2. Ketika Kritik Dianggap Serangan
Reaksi keras terhadap karikatur menunjukkan satu hal penting: budaya politik kita masih sangat bertumpu pada figur.
Tokoh seperti Surya Paloh tidak hanya dipandang sebagai pemimpin, tapi juga simbol. Ketika simbol itu disentuh—bahkan lewat satir—respon yang muncul sering kali bukan analisis, melainkan emosi kolektif.
Di titik ini, kritik berubah makna.
Bukan lagi bagian dari demokrasi,
tapi dianggap sebagai ancaman.
Dan ketika kritik dianggap ancaman, ruang diskusi langsung menyempit.
Padahal dalam demokrasi yang sehat, kritik—termasuk karikatur—adalah bagian dari kontrol sosial.

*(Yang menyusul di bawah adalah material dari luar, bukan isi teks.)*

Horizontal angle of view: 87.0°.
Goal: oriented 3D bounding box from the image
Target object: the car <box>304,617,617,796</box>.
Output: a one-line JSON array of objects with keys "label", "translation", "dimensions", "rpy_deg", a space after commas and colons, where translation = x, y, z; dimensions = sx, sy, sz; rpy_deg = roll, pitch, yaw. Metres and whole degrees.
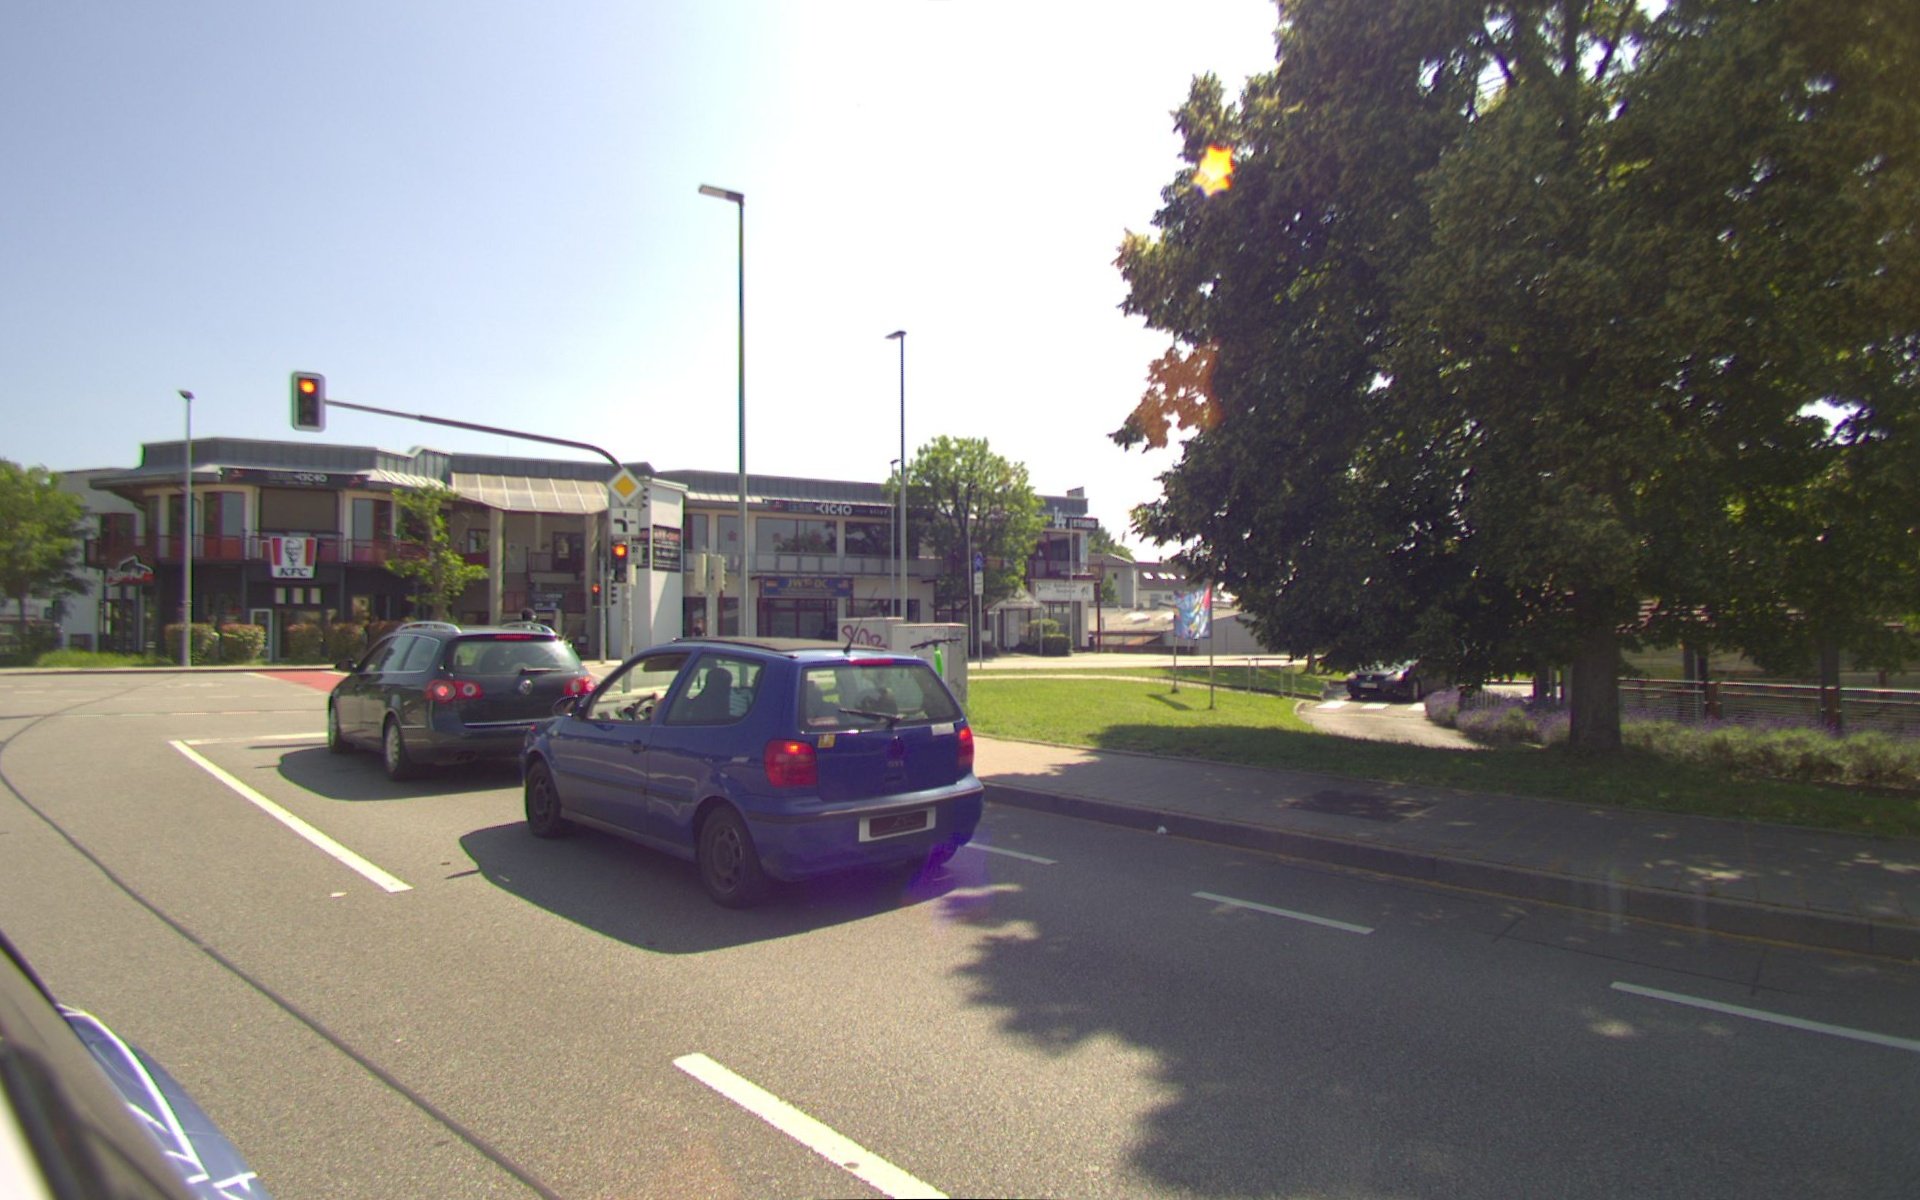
[{"label": "car", "translation": [-5.554, 0.984, 10.896], "dimensions": [1.758, 1.508, 4.727], "rpy_deg": [2, -3, -42]}]

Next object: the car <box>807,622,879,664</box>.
[{"label": "car", "translation": [-5.572, 2.014, 47.712], "dimensions": [1.777, 1.870, 4.673], "rpy_deg": [1, -2, -28]}]

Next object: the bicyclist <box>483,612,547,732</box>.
[{"label": "bicyclist", "translation": [-6.927, 1.103, 15.761], "dimensions": [0.701, 1.802, 0.810], "rpy_deg": [2, -3, -39]}]

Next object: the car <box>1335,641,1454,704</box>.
[{"label": "car", "translation": [11.873, 1.910, 27.513], "dimensions": [1.864, 1.564, 4.132], "rpy_deg": [-2, -3, 40]}]

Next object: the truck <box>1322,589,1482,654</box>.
[{"label": "truck", "translation": [24.623, 1.226, 56.278], "dimensions": [9.010, 3.412, 3.324], "rpy_deg": [1, -3, -29]}]

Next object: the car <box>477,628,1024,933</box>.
[{"label": "car", "translation": [-1.605, 0.896, 6.660], "dimensions": [1.636, 1.391, 4.003], "rpy_deg": [2, -3, -44]}]

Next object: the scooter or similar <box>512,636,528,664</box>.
[{"label": "scooter or similar", "translation": [-17.805, 2.007, 40.975], "dimensions": [0.492, 1.132, 1.509], "rpy_deg": [1, -2, -20]}]

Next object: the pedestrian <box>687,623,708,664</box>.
[{"label": "pedestrian", "translation": [-10.737, 1.788, 41.368], "dimensions": [0.722, 1.658, 0.843], "rpy_deg": [0, -2, -8]}]

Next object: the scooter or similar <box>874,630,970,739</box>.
[{"label": "scooter or similar", "translation": [-0.465, 0.955, 11.867], "dimensions": [0.465, 1.193, 1.369], "rpy_deg": [2, -3, -35]}]

Kalau semua kritik harus “aman” dan “tidak menyinggung”, maka yang tersisa bukan jurnalisme, melainkan publisitas.
3. Demo Massal: Membela atau Justru Memperbesar?
Aksi demonstrasi sering dianggap sebagai bentuk perlawanan. Tapi dalam konteks ini, muncul pertanyaan yang lebih menarik:
Apakah demo ini efektif, atau justru kontraproduktif?
Dalam era digital, reaksi berlebihan justru memicu rasa ingin tahu publik. Semakin keras sebuah konten ditolak, semakin banyak orang yang mencarinya.
Akibatnya:
Karikatur yang mungkin awalnya terbatas, jadi viral
Laporan yang mungkin biasa, jadi sorotan nasional
Ini yang sering disebut sebagai efek bumerang.
Niat meredam, malah memperbesar.
Publik pun mulai bertanya:
“Kenapa sampai segitunya?”
Dan pertanyaan itu seringkali lebih berbahaya daripada isi kritik itu sendiri.
4. Pergeseran Isu: Dari Substansi ke Sensasi
Hal yang paling perlu diwaspadai dari dinamika ini adalah pergeseran fokus.
Awalnya, perhatian publik tertuju pada isi laporan Tempo. Tapi setelah gelombang aksi muncul, fokus itu bergeser menjadi soal kemarahan kader dan polemik di jalanan.
Substansi hilang, sensasi yang menang.
Dalam komunikasi politik, ini bukan hal baru. Menggeser perhatian publik seringkali lebih efektif daripada menjawab isi kritik.
Akibatnya, masyarakat tidak lagi membahas:
Apakah laporan itu akurat?
Apakah datanya valid?
Melainkan sibuk memperdebatkan:
Siapa tersinggung?
Siapa paling keras bersuara?
Dan di titik itu, kualitas diskusi publik mulai menurun.
5. Ini Bukan Soal Siapa Benar, Tapi Cara Menjawab
Penting untuk dipahami: ini bukan soal membela media atau partai politik.
Ini soal bagaimana kita sebagai masyarakat merespons kritik.
Kalau benar, jawab dengan data.
Kalau salah, luruskan dengan fakta.
Tapi kalau responsnya adalah tekanan, mobilisasi, dan kemarahan kolektif,
maka yang sedang dibangun bukan demokrasi—melainkan ketakutan terhadap kritik.
Penutup
Hari ini yang dipersoalkan adalah karikatur.
Besok bisa jadi laporan investigasi.
Lusa, bisa jadi fakta yang tidak nyaman.
Pertanyaannya sederhana:
Apakah kita masih siap hidup dalam ruang yang terbuka terhadap kritik?
Atau kita mulai bergerak menuju ruang di mana suara keras lebih penting daripada kebenaran?
Karena jika setiap kritik dibalas dengan tekanan,
yang terancam bukan hanya media seperti Tempo—
tapi nalar publik itu sendiri.
Hari ini mereka marah pada gambar.
Besok, bisa jadi mereka marah pada fakta.
Dan saat itu terjadi,
yang hilang bukan sekadar kepercayaan—
tapi keberanian untuk berpikir jernih.